(Records contained in a dataset)
• • • • •

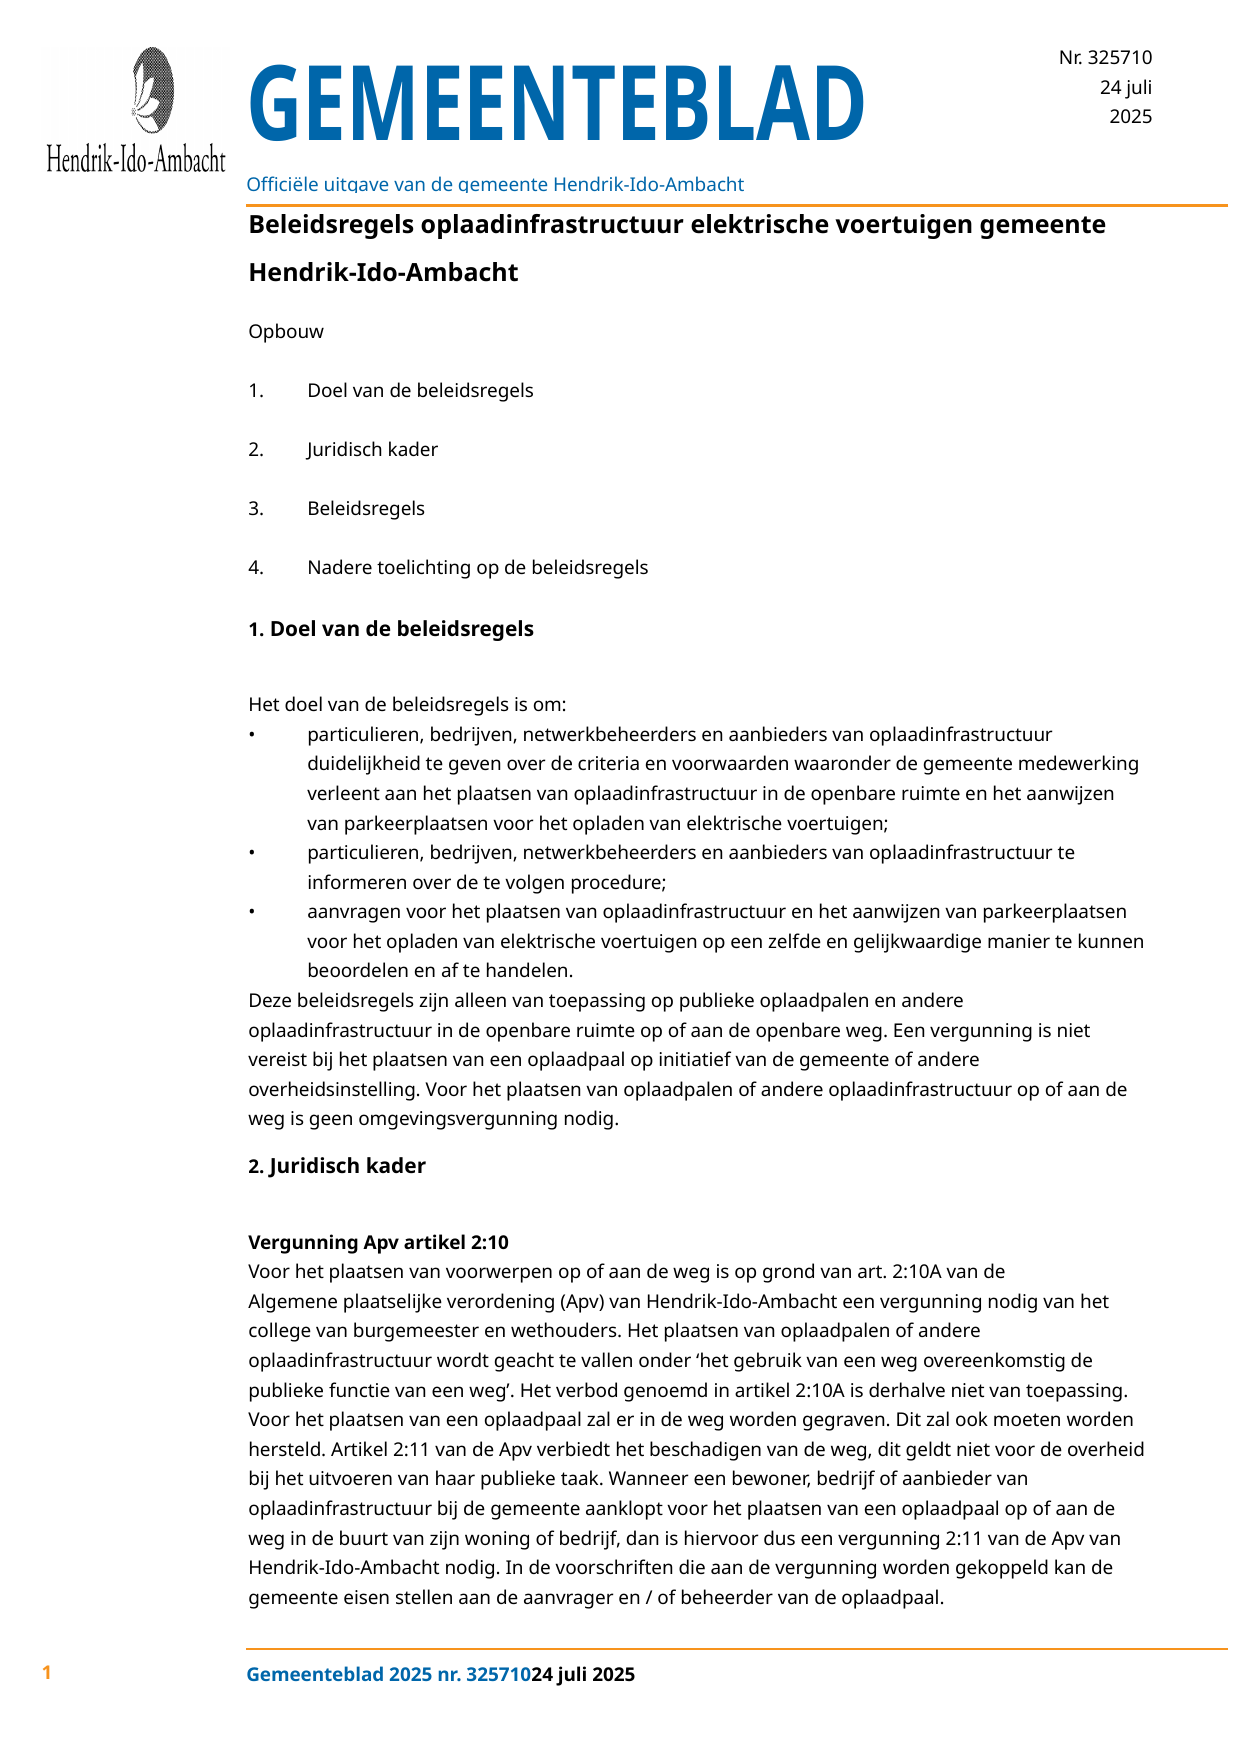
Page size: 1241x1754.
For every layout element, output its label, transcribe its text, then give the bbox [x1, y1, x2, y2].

text Beleidsregels oplaadinfrastructuur elektrische voertuigen gemeente Hendrik-Ido-Ambacht [248, 207, 1152, 288]
picture [41, 47, 231, 172]
text Het doel van de beleidsregels is om: [248, 691, 1152, 717]
text 1. Doel van de beleidsregels [248, 614, 1152, 642]
text Vergunning Apv artikel 2:10 [248, 1229, 1152, 1255]
list particulieren, bedrijven, netwerkbeheerders en aanbieders van oplaadinfrastructuur duidelijkheid te geven over de criteria en voorwaarden waaronder de gemeente medewerking verleent aan het plaatsen van oplaadinfrastructuur in de openbare ruimte en het aanwijzen van parkeerplaatsen voor het opladen van elektrische voertuigen; [248, 721, 1152, 836]
list aanvragen voor het plaatsen van oplaadinfrastructuur en het aanwijzen van parkeerplaatsen voor het opladen van elektrische voertuigen op een zelfde en gelijkwaardige manier te kunnen beoordelen en af te handelen. [248, 898, 1152, 983]
text 2. Juridisch kader [248, 1151, 1152, 1180]
text Voor het plaatsen van voorwerpen op of aan de weg is op grond van art. 2:10A van de [248, 1258, 1152, 1284]
list Beleidsregels [248, 495, 1152, 521]
list particulieren, bedrijven, netwerkbeheerders en aanbieders van oplaadinfrastructuur te informeren over de te volgen procedure; [248, 839, 1152, 895]
text Algemene plaatselijke verordening (Apv) van Hendrik-Ido-Ambacht een vergunning nodig van het college van burgemeester en wethouders. Het plaatsen van oplaadpalen of andere oplaadinfrastructuur wordt geacht te vallen onder ‘het gebruik van een weg overeenkomstig de publieke functie van een weg’. Het verbod genoemd in artikel 2:10A is derhalve niet van toepassing. Voor het plaatsen van een oplaadpaal zal er in de weg worden gegraven. Dit zal ook moeten worden hersteld. Artikel 2:11 van de Apv verbiedt het beschadigen van de weg, dit geldt niet voor de overheid bij het uitvoeren van haar publieke taak. Wanneer een bewoner, bedrijf of aanbieder van oplaadinfrastructuur bij de gemeente aanklopt voor het plaatsen van een oplaadpaal op of aan de weg in de buurt van zijn woning of bedrijf, dan is hiervoor dus een vergunning 2:11 van de Apv van Hendrik-Ido-Ambacht nodig. In de voorschriften die aan de vergunning worden gekoppeld kan de gemeente eisen stellen aan de aanvrager en / of beheerder van de oplaadpaal. [248, 1288, 1152, 1610]
text Deze beleidsregels zijn alleen van toepassing op publieke oplaadpalen en andere oplaadinfrastructuur in de openbare ruimte op of aan de openbare weg. Een vergunning is niet vereist bij het plaatsen van een oplaadpaal op initiatief van de gemeente of andere overheidsinstelling. Voor het plaatsen van oplaadpalen of andere oplaadinfrastructuur op of aan de weg is geen omgevingsvergunning nodig. [248, 987, 1152, 1131]
list Juridisch kader [248, 436, 1152, 462]
list Doel van de beleidsregels [248, 377, 1152, 403]
list Nadere toelichting op de beleidsregels [248, 554, 1152, 580]
text Opbouw [248, 318, 1152, 344]

• • • • •

*About this exercise*: Print the records above exactly as they stand, but leave out the pictures.

*Task result*:
Page size: 1241x1754.
For every layout element, output its label, transcribe its text, then give the bbox [x1, y1, x2, y2].

text Beleidsregels oplaadinfrastructuur elektrische voertuigen gemeente Hendrik-Ido-Ambacht [248, 207, 1152, 288]
picture [41, 47, 231, 172]
text Het doel van de beleidsregels is om: [248, 691, 1152, 717]
text 1. Doel van de beleidsregels [248, 614, 1152, 642]
text Vergunning Apv artikel 2:10 [248, 1229, 1152, 1255]
list particulieren, bedrijven, netwerkbeheerders en aanbieders van oplaadinfrastructuur duidelijkheid te geven over de criteria en voorwaarden waaronder de gemeente medewerking verleent aan het plaatsen van oplaadinfrastructuur in de openbare ruimte en het aanwijzen van parkeerplaatsen voor het opladen van elektrische voertuigen; [248, 721, 1152, 836]
list aanvragen voor het plaatsen van oplaadinfrastructuur en het aanwijzen van parkeerplaatsen voor het opladen van elektrische voertuigen op een zelfde en gelijkwaardige manier te kunnen beoordelen en af te handelen. [248, 898, 1152, 983]
text 2. Juridisch kader [248, 1151, 1152, 1180]
text Voor het plaatsen van voorwerpen op of aan de weg is op grond van art. 2:10A van de [248, 1258, 1152, 1284]
list Beleidsregels [248, 495, 1152, 521]
list particulieren, bedrijven, netwerkbeheerders en aanbieders van oplaadinfrastructuur te informeren over de te volgen procedure; [248, 839, 1152, 895]
text Algemene plaatselijke verordening (Apv) van Hendrik-Ido-Ambacht een vergunning nodig van het college van burgemeester en wethouders. Het plaatsen van oplaadpalen of andere oplaadinfrastructuur wordt geacht te vallen onder ‘het gebruik van een weg overeenkomstig de publieke functie van een weg’. Het verbod genoemd in artikel 2:10A is derhalve niet van toepassing. Voor het plaatsen van een oplaadpaal zal er in de weg worden gegraven. Dit zal ook moeten worden hersteld. Artikel 2:11 van de Apv verbiedt het beschadigen van de weg, dit geldt niet voor de overheid bij het uitvoeren van haar publieke taak. Wanneer een bewoner, bedrijf of aanbieder van oplaadinfrastructuur bij de gemeente aanklopt voor het plaatsen van een oplaadpaal op of aan de weg in de buurt van zijn woning of bedrijf, dan is hiervoor dus een vergunning 2:11 van de Apv van Hendrik-Ido-Ambacht nodig. In de voorschriften die aan de vergunning worden gekoppeld kan de gemeente eisen stellen aan de aanvrager en / of beheerder van de oplaadpaal. [248, 1288, 1152, 1610]
text Deze beleidsregels zijn alleen van toepassing op publieke oplaadpalen en andere oplaadinfrastructuur in de openbare ruimte op of aan de openbare weg. Een vergunning is niet vereist bij het plaatsen van een oplaadpaal op initiatief van de gemeente of andere overheidsinstelling. Voor het plaatsen van oplaadpalen of andere oplaadinfrastructuur op of aan de weg is geen omgevingsvergunning nodig. [248, 987, 1152, 1131]
list Juridisch kader [248, 436, 1152, 462]
list Doel van de beleidsregels [248, 377, 1152, 403]
list Nadere toelichting op de beleidsregels [248, 554, 1152, 580]
text Opbouw [248, 318, 1152, 344]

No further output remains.